BAKU, Azerbaijan, November 16
By Tamilla Mammadova – Trend:
Interest rate increases by Georgia's National Bank of Georgia (NBG) demonstrate the authorities' willingness to address inflationary pressures stemming from currency depreciation, Trend reports via Fitch Ratings.
Georgia's record of macroeconomic resilience against regional shocks supports its 'BB'/Stable rating, which we affirmed on 16 August, said the company.

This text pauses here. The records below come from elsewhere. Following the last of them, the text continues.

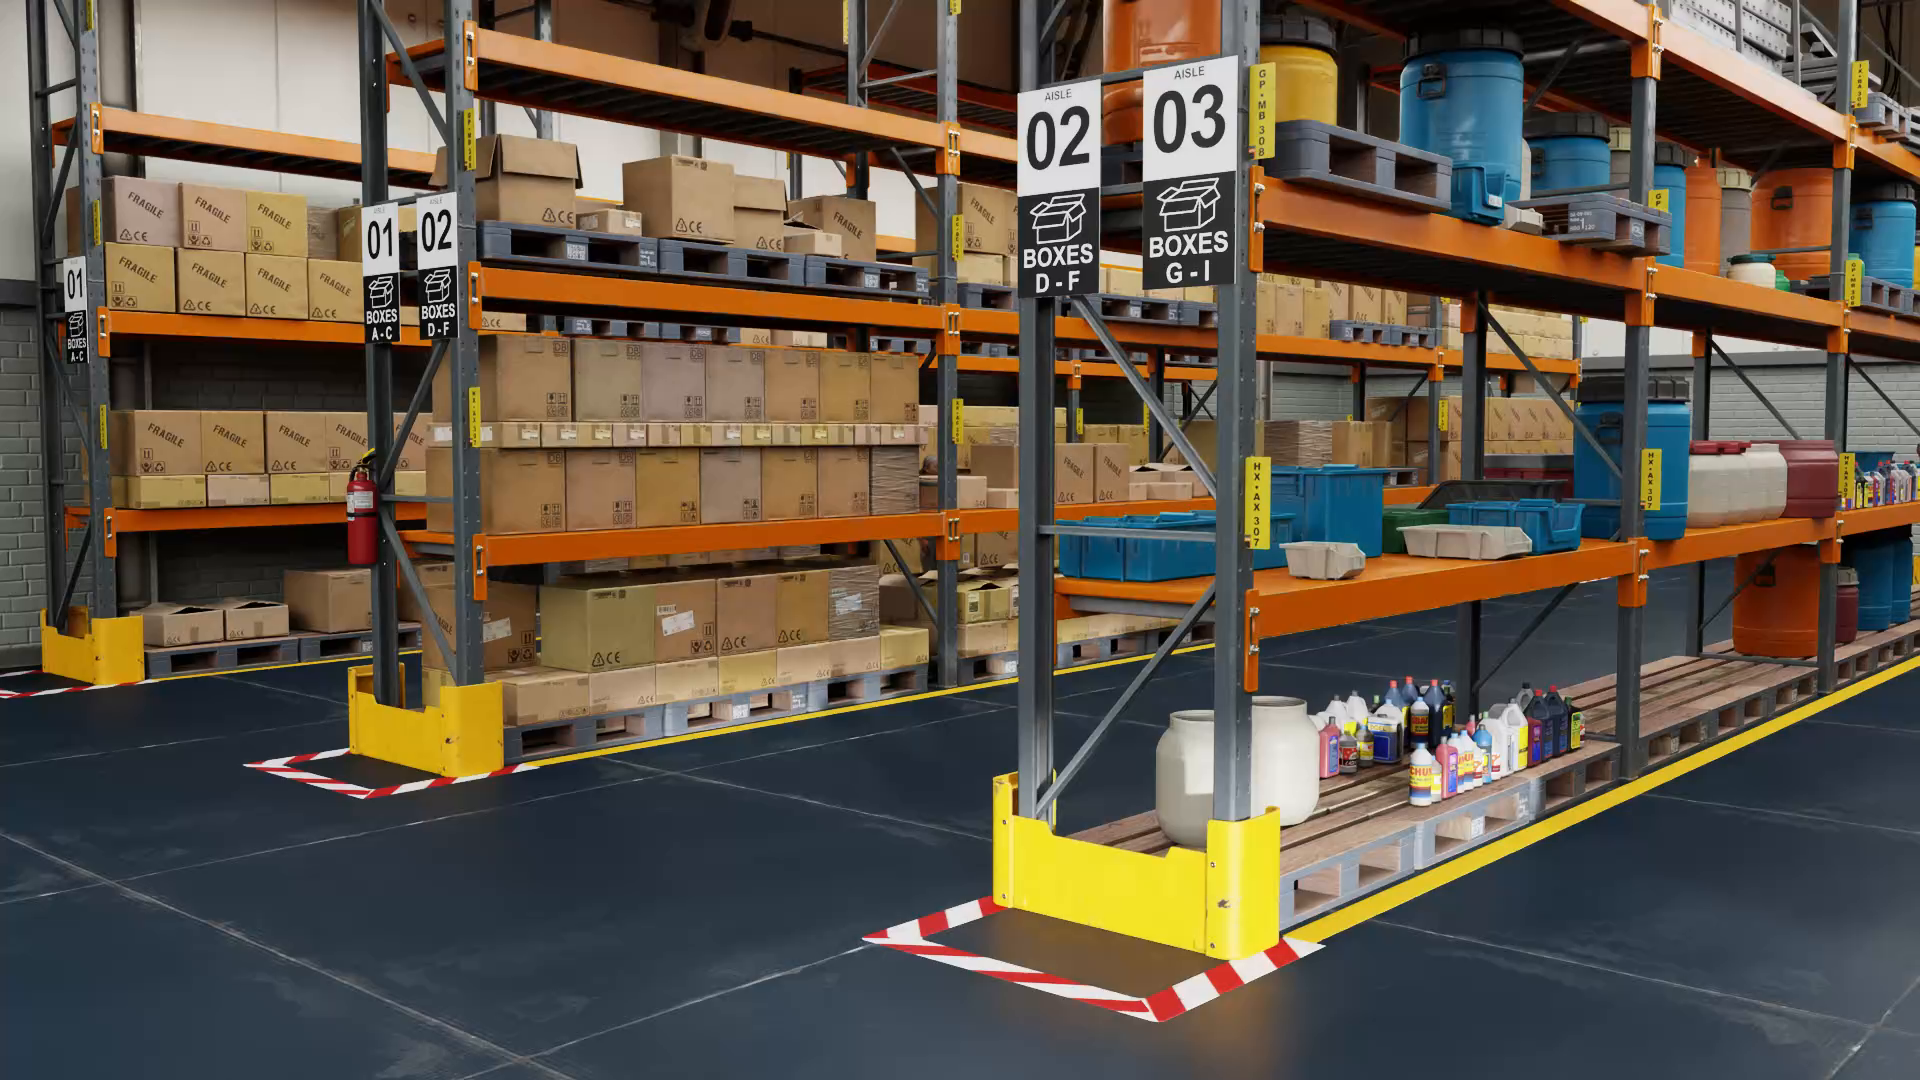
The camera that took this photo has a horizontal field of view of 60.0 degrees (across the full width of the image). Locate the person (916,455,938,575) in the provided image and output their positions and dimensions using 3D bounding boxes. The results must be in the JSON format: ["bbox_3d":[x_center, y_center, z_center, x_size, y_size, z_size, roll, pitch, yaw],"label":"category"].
[{"bbox_3d":[-0.238,-0.014,16.767,0.349,1.655,0.501,3,5,41],"label":"person"}]
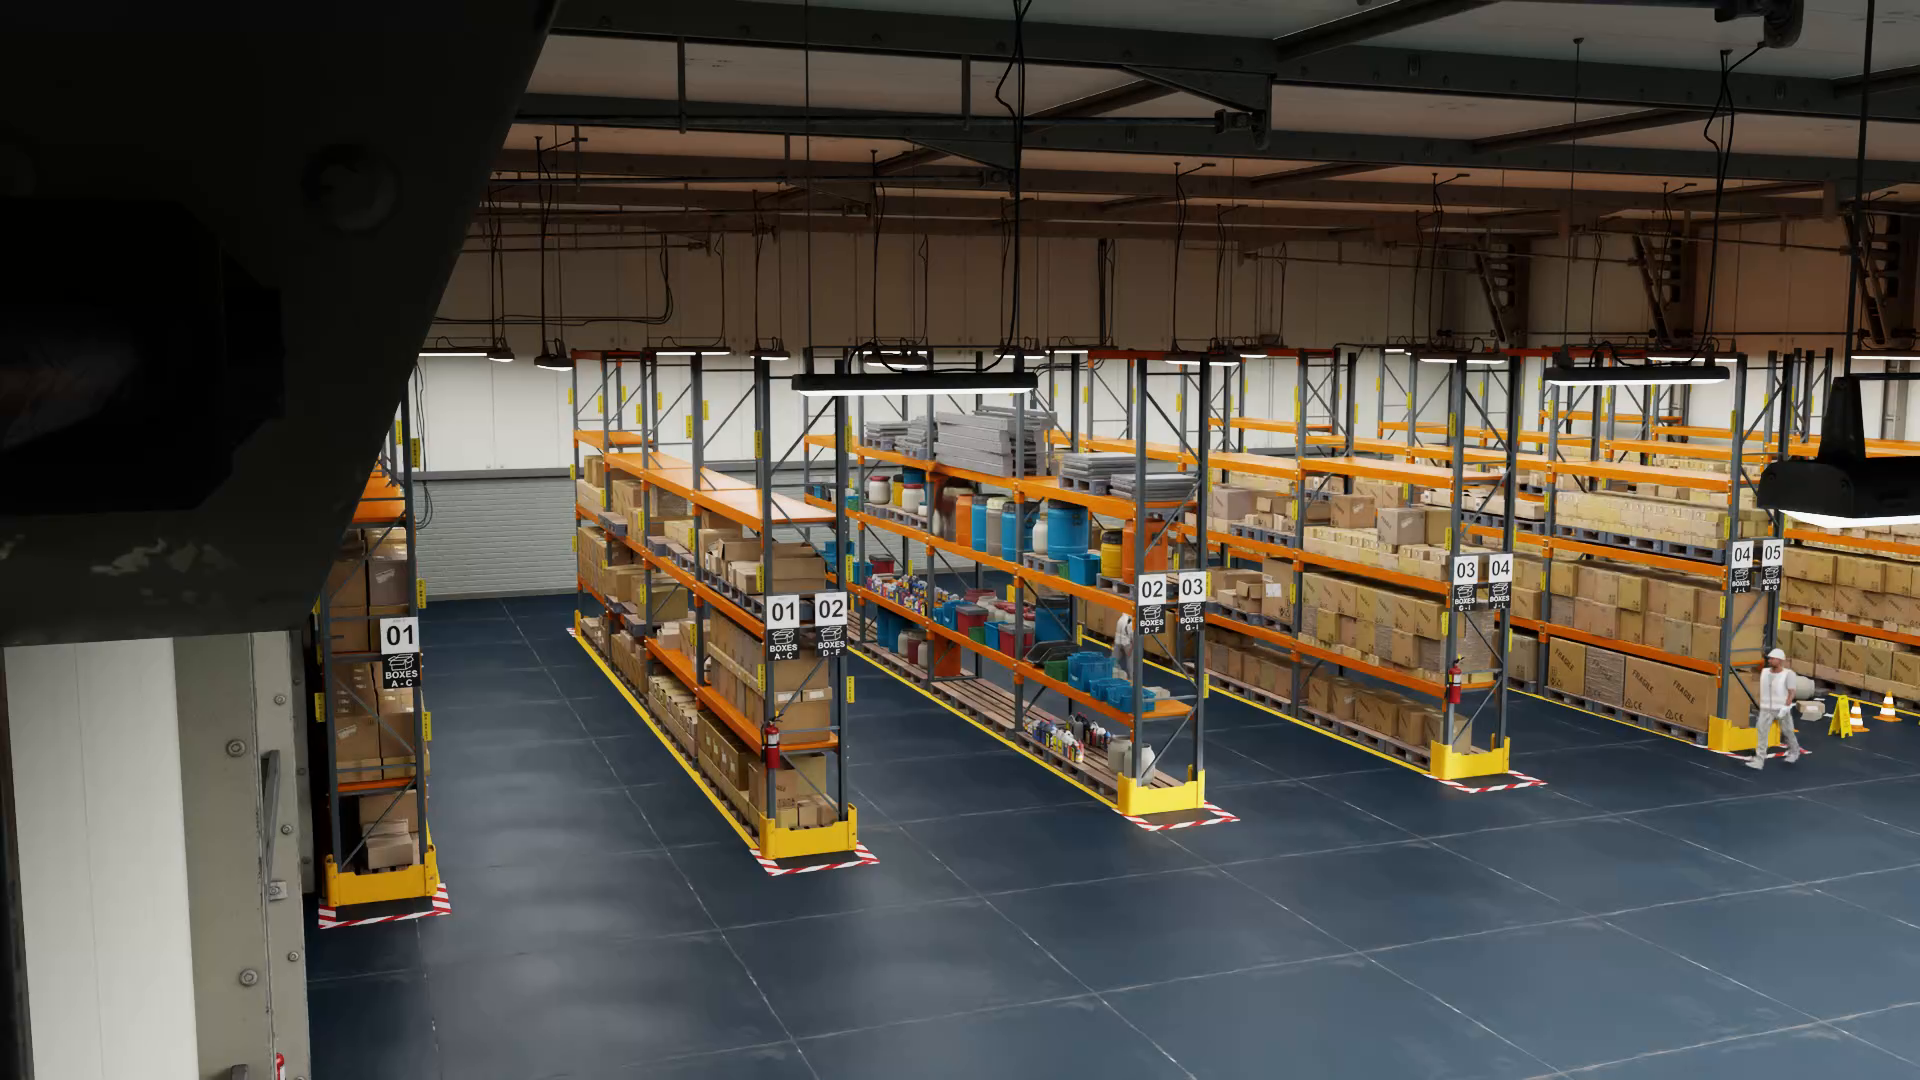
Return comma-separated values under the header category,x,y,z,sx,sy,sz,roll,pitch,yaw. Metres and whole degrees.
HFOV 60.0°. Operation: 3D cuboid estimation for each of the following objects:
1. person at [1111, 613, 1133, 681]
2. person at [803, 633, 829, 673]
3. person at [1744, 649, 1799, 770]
category,x,y,z,sx,sy,sz,roll,pitch,yaw
person,2.902,1.876,29.266,0.574,1.709,0.443,6,9,41
person,-2.366,2.052,27.594,0.463,1.797,0.733,0,7,2
person,11.859,2.462,24.239,1.030,1.743,0.565,-6,10,-42
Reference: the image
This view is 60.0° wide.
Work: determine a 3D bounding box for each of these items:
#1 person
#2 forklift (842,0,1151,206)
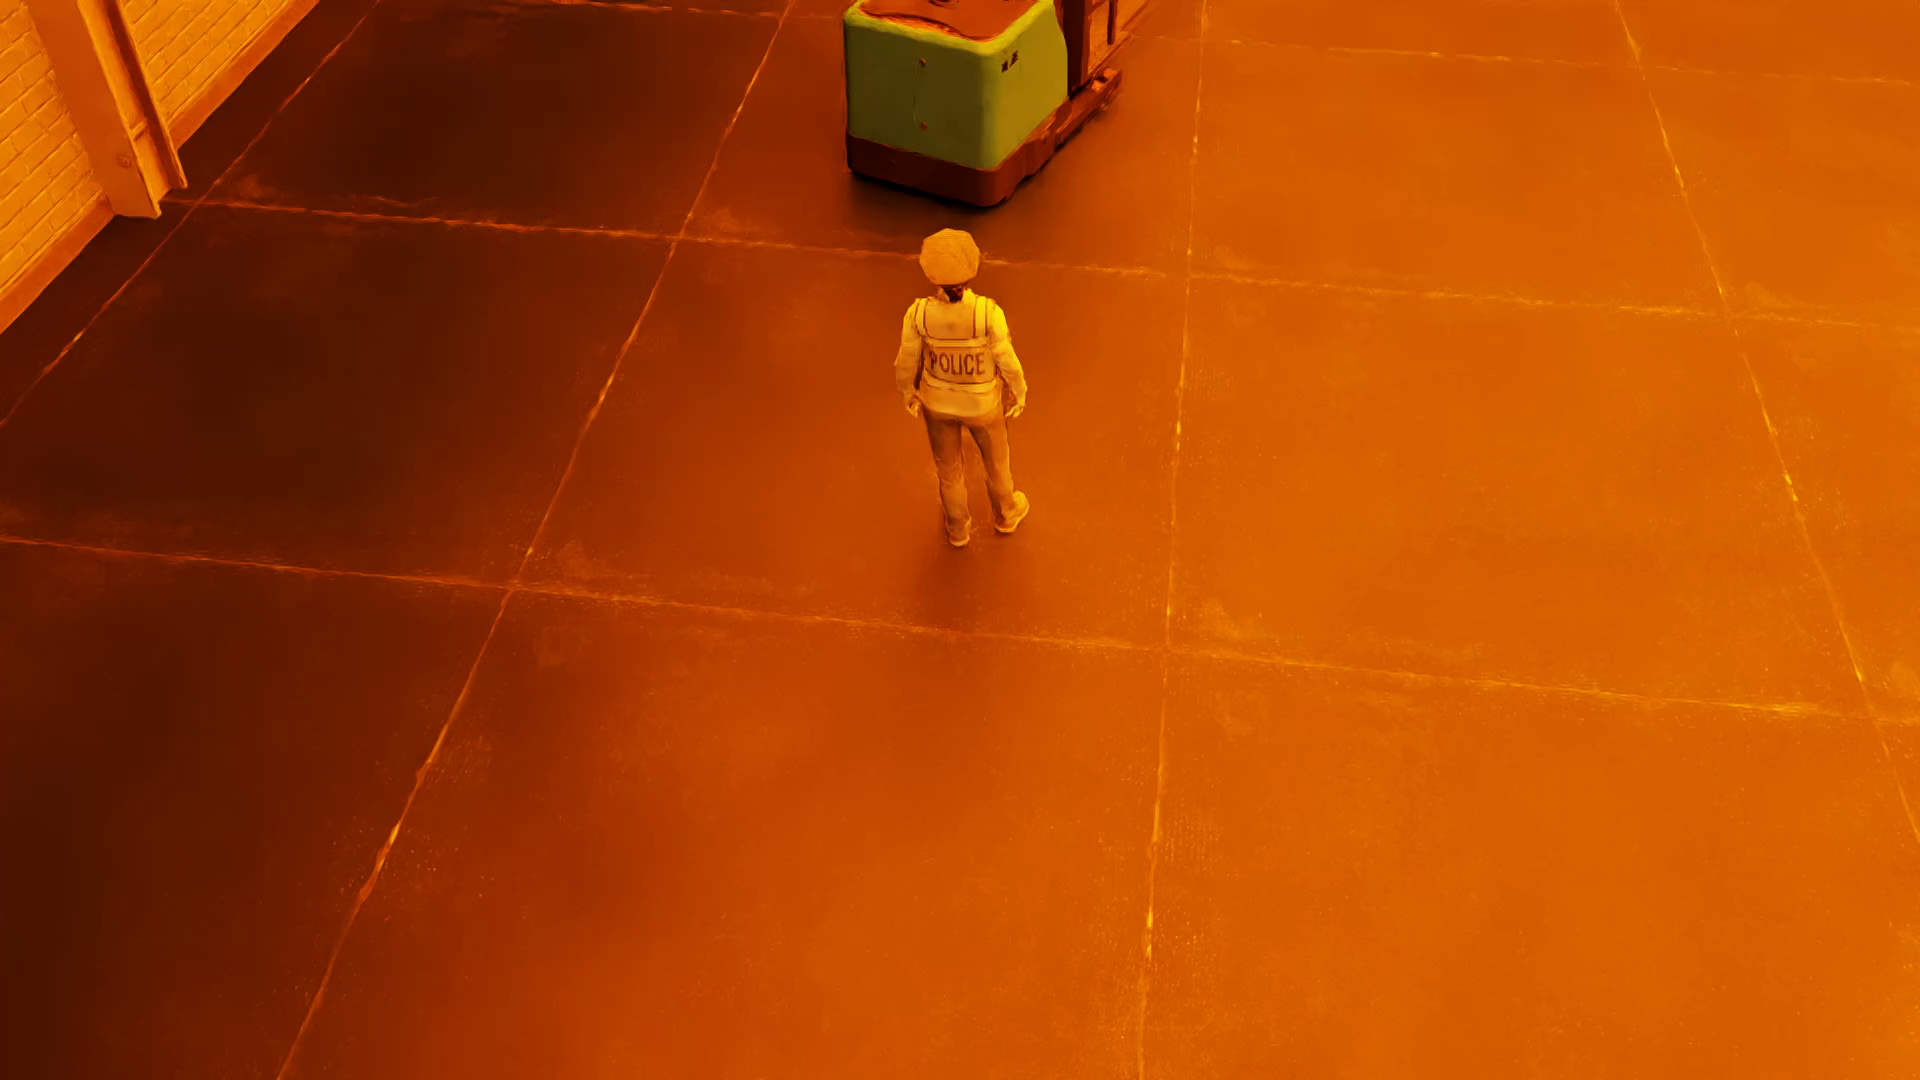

"The NBG increased its refinancing rate by 100 pp to 8.5 percent on 23 October, following two 50 pp rate hikes in September. Inflation has overshot the NBG's 3 percent target, rising to 6.9 percent year-on-year in October, from 6.4 percent in September, 4.9 percent in August and 4.6 percent in July. This was partly due to sustained depreciation of the lari, as well as one-off factors such as an increase in excise tax on tobacco," said the report.
Fitch also noted that a floating currency has acted as a buffer to the external shock of the Russia flight ban.
"The current account deficit narrowed to 3.2 percent of GDP in 2Q2019 from 8.2 percent a year earlier and preliminary balance of payment data indicate an improvement in 3Q2019, according to the NBG," said the report.
"The current account has been supported by import contraction and resilient tourism earnings in spite of the Russian ban. Tourism receipts were $2.6 billion over nine month of 2019, a 0.5 percent year-on-year increase, and tourism arrivals have continued to grow, albeit more slowly in September, despite a large reduction in arrivals from Russia," Fitch said.
The report notes that the floating exchange rate has also helped conserve reserves.
"These have grown by $313 million since early 2019 to $3.6 billion at September. This represents a 14.3 percent year-on-year y increase, despite recent declines after the NBG sold over $70 million in August and September to curb excessive depreciation expectations and exchange rate volatility," Fitch said.
"The NBG estimates that the lari current nominal effective exchange rate is undervalued. Combined with a stronger external position, a tighter monetary policy stance, and below-trend economic growth, this suggests currency appreciation pressures could arise and bring inflation back towards target in 2020 and 2021. Monetary policy easing could resume in the medium term," says the report.
"But we think the NBG will maintain its proactive approach and be ready to tighten monetary policy further if price pressures from lari depreciation are not neutralized," the Fitch said.
In addition to rising inflation, possible risks from a weaker currency arise from government debt sensitivity to the exchange rate, high external debt, and high dollarization in the banking sector, said the agency.
Fitch forecasts Georgian economic growth to decelerate to 4.3 percent in 2019, as credit growth slows down due to the enforcement of tighter lending standards by the NBG, and the Russian flight ban restricts more substantial expansion of the tourism sector.
"Annualized credit growth slowed down in 1H2019 to 7.7 percent (net of exchange-rate effects), from 17.2 percent in 2018. GDP growth will remain above the forecast current 'BB' category of 3.3 percent as accelerated infrastructure spending and slightly looser fiscal policy will support a pick-up to an average of 4.7 percent in 2020-2021," the report said.
"Higher infrastructure and education spending means we forecast the augmented fiscal deficit to widen to 2.7 percent of GDP this year from 2.5 percent in 2018. Lari depreciation will also increase gross general government debt/GDP to a forecast 47 percent this year," said Fitch.
The company expects the Government Debt Management Strategy 2019-2021 and quantitative targets under Georgia's IMF program to provide a policy anchor that will help put gross general government debt/GDP on a downward trajectory in the medium term.